Na rynku EUR/USD środowa sesja minęła w mieszanej atmosferze. Z jednej strony popyt próbował poprawił tygodniowe maksimum, z drugiej strony pojawiła się pokusa realizacji zysków, która ostatecznie pociągnęła kurs na niższe poziomy. Niemniej trend wzrostowy jest nadal zachowany, dlatego w najbliższych godzinach handlu można oczekiwać dalszej aprecjacji euro względem dolara. Celem byków jest 1,26.
Wzrost apetytu na ryzyko powinien być widoczny również na rynku GBP/USD. Taki stosunek przewagi kupujących powinien utrzymać się jeszcze w najbliższych godzinach handlu. Obecnie nie ma żadnych przeszkód, aby zapoczątkowana fala wzrostowa nie uległa wydłużeniu. Celem byków jest poziom 1,59 – jest to rejon ubiegłotygodniowego maksimum. Linia wsparcia usytuowana jest w pobliżu 1,57.

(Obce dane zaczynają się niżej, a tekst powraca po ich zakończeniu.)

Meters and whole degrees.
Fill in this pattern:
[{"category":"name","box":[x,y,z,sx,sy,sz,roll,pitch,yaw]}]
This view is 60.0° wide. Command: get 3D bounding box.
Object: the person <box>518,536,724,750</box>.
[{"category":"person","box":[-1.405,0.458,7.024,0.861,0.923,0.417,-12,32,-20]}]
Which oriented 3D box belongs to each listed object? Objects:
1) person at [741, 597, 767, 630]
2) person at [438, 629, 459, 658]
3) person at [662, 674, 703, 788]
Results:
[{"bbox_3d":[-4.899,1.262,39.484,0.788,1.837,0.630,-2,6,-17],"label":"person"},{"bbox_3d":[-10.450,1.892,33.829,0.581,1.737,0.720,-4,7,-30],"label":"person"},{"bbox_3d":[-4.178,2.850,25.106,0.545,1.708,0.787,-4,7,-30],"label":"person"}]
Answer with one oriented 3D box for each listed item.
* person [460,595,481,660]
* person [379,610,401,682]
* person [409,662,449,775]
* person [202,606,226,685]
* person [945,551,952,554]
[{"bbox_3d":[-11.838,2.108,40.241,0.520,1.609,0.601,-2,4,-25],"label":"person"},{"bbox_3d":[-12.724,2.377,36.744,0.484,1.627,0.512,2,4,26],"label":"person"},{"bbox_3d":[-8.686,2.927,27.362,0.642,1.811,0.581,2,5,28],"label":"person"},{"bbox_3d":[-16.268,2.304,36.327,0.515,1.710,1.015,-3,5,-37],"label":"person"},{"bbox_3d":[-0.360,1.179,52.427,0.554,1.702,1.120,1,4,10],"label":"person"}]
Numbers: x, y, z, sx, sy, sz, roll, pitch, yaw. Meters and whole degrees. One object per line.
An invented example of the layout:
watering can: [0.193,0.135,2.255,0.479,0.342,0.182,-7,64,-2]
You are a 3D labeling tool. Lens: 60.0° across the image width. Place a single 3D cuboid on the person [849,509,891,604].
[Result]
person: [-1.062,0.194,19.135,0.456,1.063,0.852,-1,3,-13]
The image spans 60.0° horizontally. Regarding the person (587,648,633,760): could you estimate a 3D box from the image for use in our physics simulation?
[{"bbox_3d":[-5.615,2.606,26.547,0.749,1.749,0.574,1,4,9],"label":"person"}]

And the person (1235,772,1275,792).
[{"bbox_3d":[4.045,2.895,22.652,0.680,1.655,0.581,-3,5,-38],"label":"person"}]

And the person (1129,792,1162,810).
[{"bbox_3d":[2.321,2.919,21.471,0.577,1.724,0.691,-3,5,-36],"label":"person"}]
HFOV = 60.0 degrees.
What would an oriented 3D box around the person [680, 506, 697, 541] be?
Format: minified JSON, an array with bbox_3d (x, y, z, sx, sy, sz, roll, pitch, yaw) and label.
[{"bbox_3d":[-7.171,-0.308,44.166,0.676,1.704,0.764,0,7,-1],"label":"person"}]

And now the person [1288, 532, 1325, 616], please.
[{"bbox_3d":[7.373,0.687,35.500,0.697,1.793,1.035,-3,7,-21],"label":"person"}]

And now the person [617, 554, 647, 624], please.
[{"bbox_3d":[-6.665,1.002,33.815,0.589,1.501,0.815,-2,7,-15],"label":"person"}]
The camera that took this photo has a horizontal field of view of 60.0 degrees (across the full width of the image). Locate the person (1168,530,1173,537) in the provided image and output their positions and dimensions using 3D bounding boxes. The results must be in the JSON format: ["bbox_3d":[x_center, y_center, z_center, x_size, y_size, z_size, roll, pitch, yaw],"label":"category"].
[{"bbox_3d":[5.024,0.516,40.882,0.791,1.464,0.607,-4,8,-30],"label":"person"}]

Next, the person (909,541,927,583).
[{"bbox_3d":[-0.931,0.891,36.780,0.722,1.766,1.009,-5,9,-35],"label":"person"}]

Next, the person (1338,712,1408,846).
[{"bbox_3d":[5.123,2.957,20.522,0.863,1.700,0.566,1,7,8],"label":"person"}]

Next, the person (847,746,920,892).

Ciekawa sytuacja wystąpiła na parach złotówkowych, gdzie wystąpiła silna wyprzedaż krajowej waluty. W rezultacie na rynku USD/PLN wygenerowała się wyraźna fala wzrostowa. Tendencja osłabienia złotego powinna jeszcze mieć miejsce na rynku. Warunkiem realizacji tego scenariuszu jest ponowny wzrost, nad 3,3250. Jeśli kurs wyjście nad ten poziom to droga w rejon 3,3770 zostanie otwarta dla byków.
Również silne osłabienie krajowej waluty wystąpiło na rynku EUR/PLN. W ciągu ostatniej sesji pojawiła się silna presja sprzedających złotego, co wywindował kurs pary walutowej w rejon 4,1750. Tendencja osłabienia złotego może być kontynuowana w najbliższym czasie, jeśli kurs przebije się przez opór 4,1750. Wtedy celem strony popytowej będzie poziom 4,2150.
Z kolei na rynku USD/CHF wystąpiła niewielka korekta wzrostowa. W odbiciu notowań pomogło wsparcie 0,9550. Niemniej, zważywszy na decydujący fakt, że nadal znajdujemy się w trendzie spadkowym, możemy oczekiwać kontynuacji spadku notowań pary walutowej. W przypadku, gdy kurs zanurkuje poniżej 0,9550, można spodziewać się kontynuacji spadku kursu do 0,9450.